Development and Evaluation of an Integrated Water, Salinity, and Nitrogen Model: ENVIRON-GRO.

Salinity in irrigated cropland significantly affects food and fiber production. Thus it is imperative to understand the interaction between soil water salinity and crop yield. A simulation model was developed to evaluate the integrated effects of water, salinity, and nitrogen on crop growth. The model can be used to evaluate: (1) response of plant to water, salinity and N stresses; (2) water, salt, and nitrogen dynamics in the soil profile; and (3) balances of water, salt and nitrogen to improve water and fertilizer use efficiency and assess salt and nitrate leaching.
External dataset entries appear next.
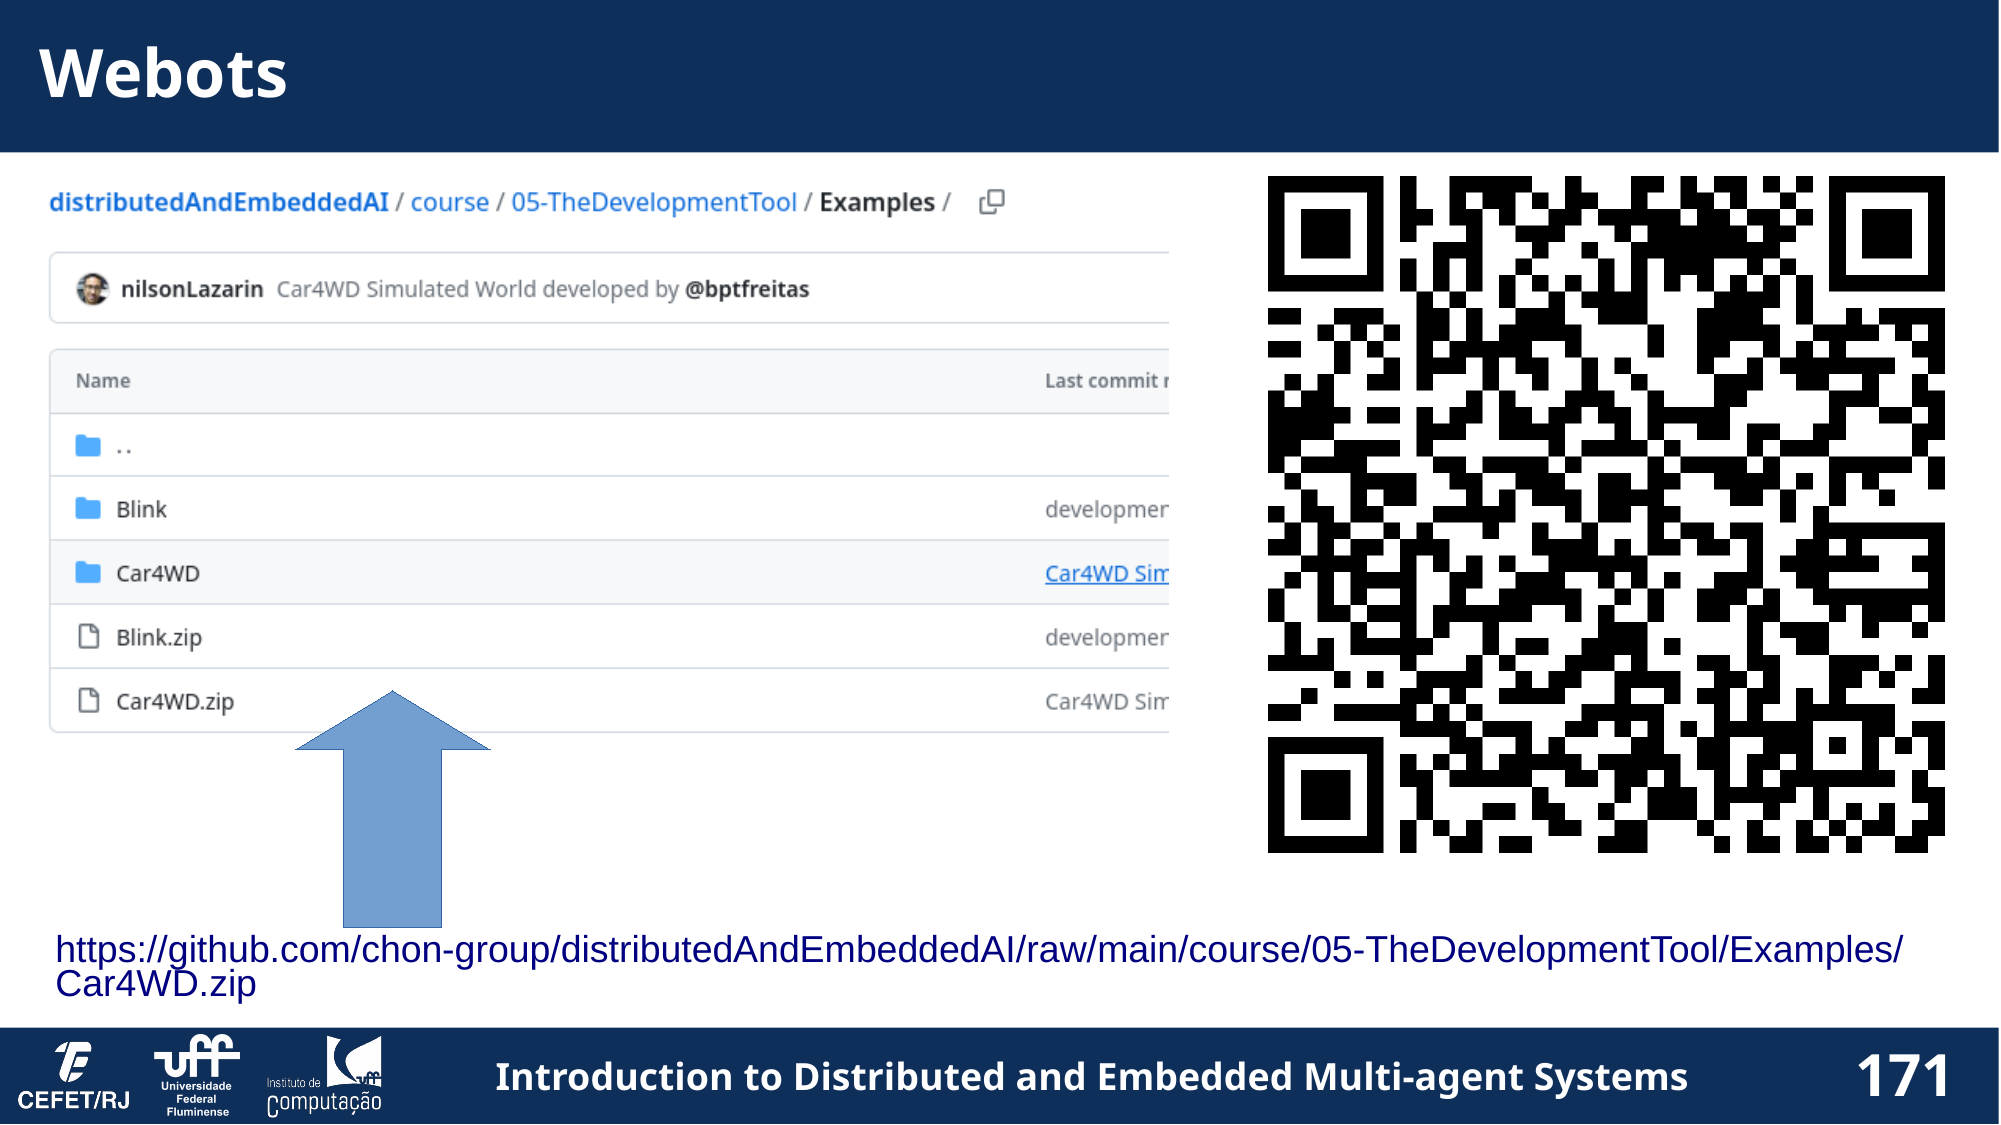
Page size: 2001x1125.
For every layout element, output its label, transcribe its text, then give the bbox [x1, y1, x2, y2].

text_box [295, 690, 491, 928]
picture [265, 1033, 383, 1118]
picture [1251, 159, 1961, 869]
picture [29, 177, 1169, 777]
text_box https://github.com/chon-group/distributedAndEmbeddedAI/raw/main/course/05-TheDevelopmentTool/Examples/Car4WD.zip [40, 921, 1920, 1021]
picture [153, 1033, 241, 1121]
picture [18, 1021, 129, 1125]
text_box Webots [25, 23, 1998, 116]
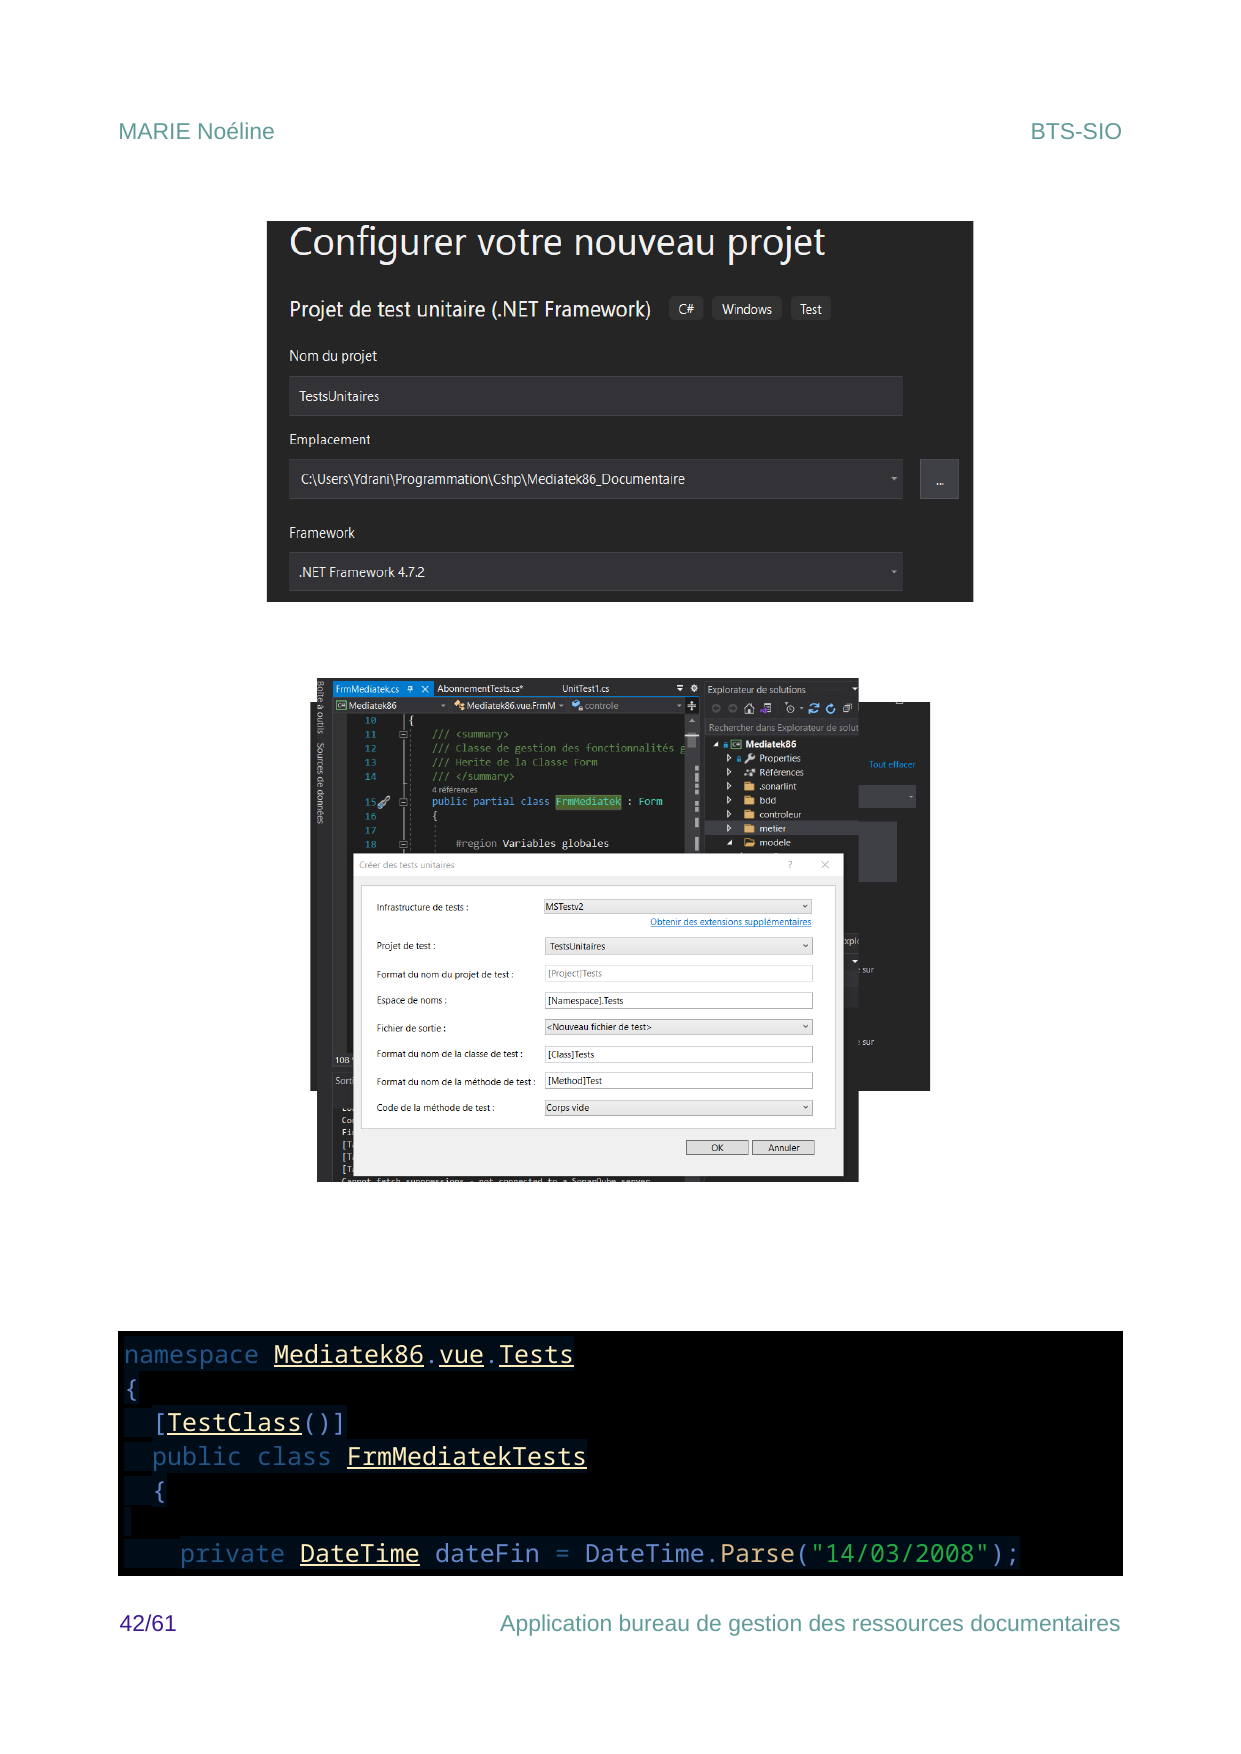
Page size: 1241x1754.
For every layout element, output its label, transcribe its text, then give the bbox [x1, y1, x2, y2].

picture [310, 678, 930, 1182]
picture [266, 221, 974, 602]
table_header namespace Mediatek86.vue.Tests { [TestClass()] public class FrmMediatekTests { private DateTime dateFin = DateTime.Parse("14/03/2008"); [119, 1332, 1122, 1575]

The simulated relative yields of cotton and salt distribution from the ENVIRO-GRO model were compared with measured yields and salt distribution from a three-year field experiment in Xinjiang, China. A good agreement between simulated and observed cotton relative yield and average electrical conductivity of saturated extract (ECe) in root zone was observed. Both simulated and measured data showed that salt accumulation in the soil profile increased as irrigation water salinity level increased, depending on irrigation water salinity and irrigation scheduling. Cotton yield was not influenced by water salinity in the first year, but decreased significantly as the salinity level of the irrigation water increased in the second and third year. A comparison between ENVIRO-GRO (transient-state model) and WATSUIT (steady-state model) reveals that the WATSUIT predicted higher average EC_e values in the root zone, which often overestimated the negative impact of saline water irrigation. Our results showed that the ENVIRO-GRO model can be used with confidence in simulating the consequences of irrigation management options under saline conditions.